* **TRY IT**
Starting from the line that contains "Reply with one", give back every line through the end of the listing exactly as written and no other line.

═══ THE DATA ═══

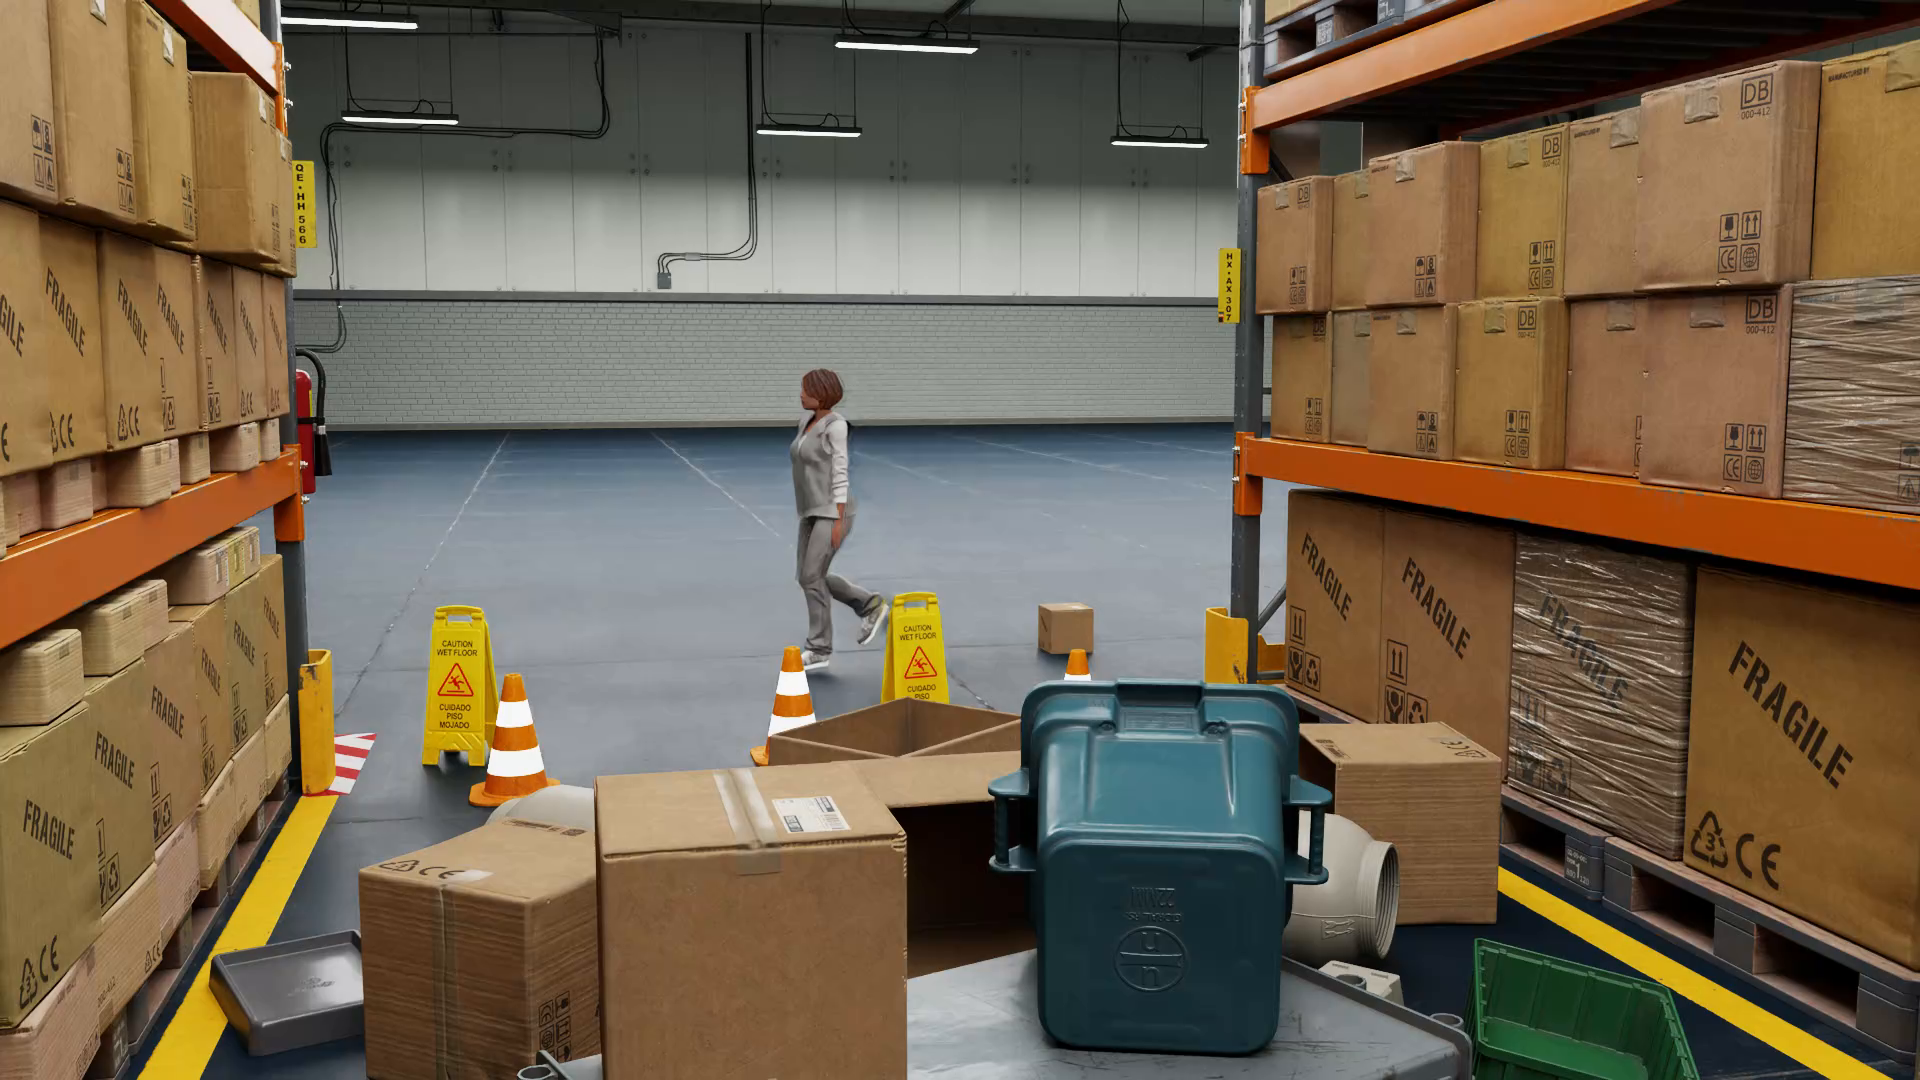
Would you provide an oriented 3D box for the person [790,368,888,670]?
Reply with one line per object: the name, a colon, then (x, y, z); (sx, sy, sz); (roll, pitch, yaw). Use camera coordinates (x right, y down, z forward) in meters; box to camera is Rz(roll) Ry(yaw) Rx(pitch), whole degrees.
person: (-0.659, -0.121, 8.805); (0.666, 1.578, 0.424); (-4, 7, -30)

═══

* **RESULT OF THIS TASK**
Reply with one line per object: the name, a colon, then (x, y, z); (sx, sy, sz); (roll, pitch, yaw). Use camera coordinates (x right, y down, z forward) in meters; box to camera is Rz(roll) Ry(yaw) Rx(pitch), whole degrees.
person: (-0.659, -0.121, 8.805); (0.666, 1.578, 0.424); (-4, 7, -30)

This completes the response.